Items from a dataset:
++++++++
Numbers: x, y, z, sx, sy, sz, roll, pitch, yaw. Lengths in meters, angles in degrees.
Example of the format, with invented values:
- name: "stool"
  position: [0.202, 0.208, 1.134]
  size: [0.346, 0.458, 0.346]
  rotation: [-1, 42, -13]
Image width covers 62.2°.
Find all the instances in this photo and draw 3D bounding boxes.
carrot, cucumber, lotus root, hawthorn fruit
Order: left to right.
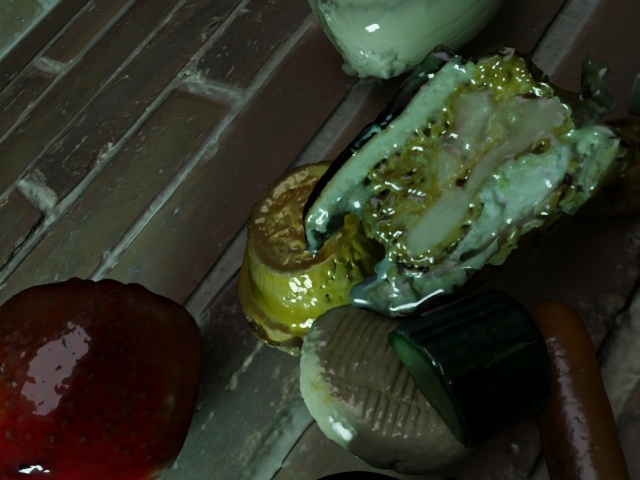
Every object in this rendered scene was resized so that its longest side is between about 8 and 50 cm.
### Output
- name: "hawthorn fruit"
  position: [-0.268, 0.192, 0.602]
  size: [0.254, 0.254, 0.300]
  rotation: [-2, 70, 29]
- name: "cucumber"
  position: [0.131, 0.096, 0.447]
  size: [0.115, 0.062, 0.116]
  rotation: [-17, 49, -24]
- name: "lotus root"
  position: [0.271, -0.077, 0.574]
  size: [0.191, 0.094, 0.108]
  rotation: [2, 38, 40]
- name: "carrot"
  position: [0.218, 0.151, 0.457]
  size: [0.067, 0.067, 0.225]
  rotation: [-15, 54, 21]

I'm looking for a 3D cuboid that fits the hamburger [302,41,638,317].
- name: "hamburger"
  position: [0.137, -0.055, 0.494]
  size: [0.288, 0.192, 0.167]
  rotation: [-45, 70, 30]

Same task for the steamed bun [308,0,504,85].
- name: "steamed bun"
  position: [0.133, -0.383, 0.771]
  size: [0.312, 0.233, 0.333]
  rotation: [-24, 58, 11]

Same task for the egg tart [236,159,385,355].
- name: "egg tart"
  position: [0.000, 0.000, 0.662]
  size: [0.288, 0.118, 0.288]
  rotation: [-15, 56, 23]

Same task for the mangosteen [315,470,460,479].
- name: "mangosteen"
  position: [0.051, 0.278, 0.377]
  size: [0.243, 0.243, 0.242]
  rotation: [-15, 52, 21]

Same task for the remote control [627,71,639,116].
- name: "remote control"
  position: [0.474, -0.116, 0.463]
  size: [0.344, 0.050, 0.145]
  rotation: [22, 35, 39]

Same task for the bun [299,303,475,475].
- name: "bun"
  position: [0.065, 0.140, 0.513]
  size: [0.188, 0.111, 0.164]
  rotation: [17, 49, 12]
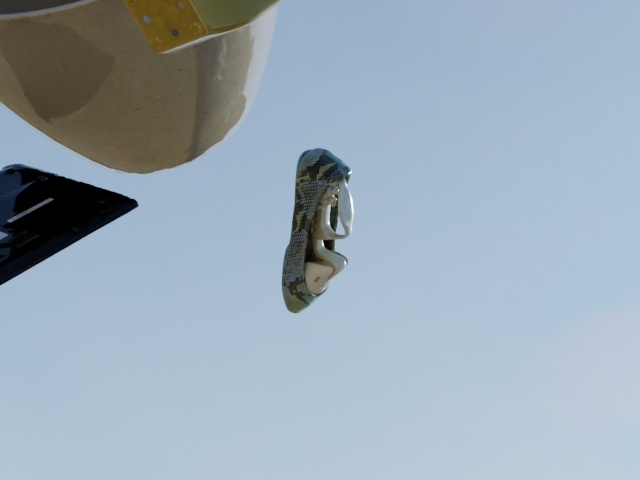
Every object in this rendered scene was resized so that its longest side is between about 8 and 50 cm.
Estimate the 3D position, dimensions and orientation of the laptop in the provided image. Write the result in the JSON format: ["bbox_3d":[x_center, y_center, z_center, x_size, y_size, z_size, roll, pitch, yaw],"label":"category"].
[{"bbox_3d":[-0.302,0.046,1.132,0.264,0.234,0.136,16,-51,41],"label":"laptop"}]

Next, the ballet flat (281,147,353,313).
[{"bbox_3d":[0.000,0.000,1.414,0.070,0.070,0.188,20,-58,26],"label":"ballet flat"}]

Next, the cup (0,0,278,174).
[{"bbox_3d":[-0.172,-0.200,1.225,0.331,0.331,0.237,17,-38,32],"label":"cup"}]

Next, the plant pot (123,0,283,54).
++++++++
§ EXERCISE INSTRUCTIONS: The response must repeat all the lines above exactly and include no pictures.

§ TASK SOLUTION:
Numbers: x, y, z, sx, sy, sz, roll, pitch, yaw. Lengths in meters, angles in degrees.
Example of the format, with invented values:
- name: "stool"
  position: [0.202, 0.208, 1.134]
  size: [0.346, 0.458, 0.346]
  rotation: [-1, 42, -13]
Image width covers 62.2°.
Find all the instances in this photo and draw 3D bounding boxes.
carrot, cucumber, lotus root, hawthorn fruit
Order: left to right.
Every object in this rendered scene was resized so that its longest side is between about 8 and 50 cm.
### Output
- name: "hawthorn fruit"
  position: [-0.268, 0.192, 0.602]
  size: [0.254, 0.254, 0.300]
  rotation: [-2, 70, 29]
- name: "cucumber"
  position: [0.131, 0.096, 0.447]
  size: [0.115, 0.062, 0.116]
  rotation: [-17, 49, -24]
- name: "lotus root"
  position: [0.271, -0.077, 0.574]
  size: [0.191, 0.094, 0.108]
  rotation: [2, 38, 40]
- name: "carrot"
  position: [0.218, 0.151, 0.457]
  size: [0.067, 0.067, 0.225]
  rotation: [-15, 54, 21]

I'm looking for a 3D cuboid that fits the hamburger [302,41,638,317].
- name: "hamburger"
  position: [0.137, -0.055, 0.494]
  size: [0.288, 0.192, 0.167]
  rotation: [-45, 70, 30]

Same task for the steamed bun [308,0,504,85].
- name: "steamed bun"
  position: [0.133, -0.383, 0.771]
  size: [0.312, 0.233, 0.333]
  rotation: [-24, 58, 11]

Same task for the egg tart [236,159,385,355].
- name: "egg tart"
  position: [0.000, 0.000, 0.662]
  size: [0.288, 0.118, 0.288]
  rotation: [-15, 56, 23]

Same task for the mangosteen [315,470,460,479].
- name: "mangosteen"
  position: [0.051, 0.278, 0.377]
  size: [0.243, 0.243, 0.242]
  rotation: [-15, 52, 21]

Same task for the remote control [627,71,639,116].
- name: "remote control"
  position: [0.474, -0.116, 0.463]
  size: [0.344, 0.050, 0.145]
  rotation: [22, 35, 39]

Same task for the bun [299,303,475,475].
- name: "bun"
  position: [0.065, 0.140, 0.513]
  size: [0.188, 0.111, 0.164]
  rotation: [17, 49, 12]
Every object in this rendered scene was resized so that its longest side is between about 8 and 50 cm.
Estimate the 3D position, dimensions and orientation of the laptop in the provided image. Write the result in the JSON format: ["bbox_3d":[x_center, y_center, z_center, x_size, y_size, z_size, roll, pitch, yaw],"label":"category"].
[{"bbox_3d":[-0.302,0.046,1.132,0.264,0.234,0.136,16,-51,41],"label":"laptop"}]

Next, the ballet flat (281,147,353,313).
[{"bbox_3d":[0.000,0.000,1.414,0.070,0.070,0.188,20,-58,26],"label":"ballet flat"}]

Next, the cup (0,0,278,174).
[{"bbox_3d":[-0.172,-0.200,1.225,0.331,0.331,0.237,17,-38,32],"label":"cup"}]

Next, the plant pot (123,0,283,54).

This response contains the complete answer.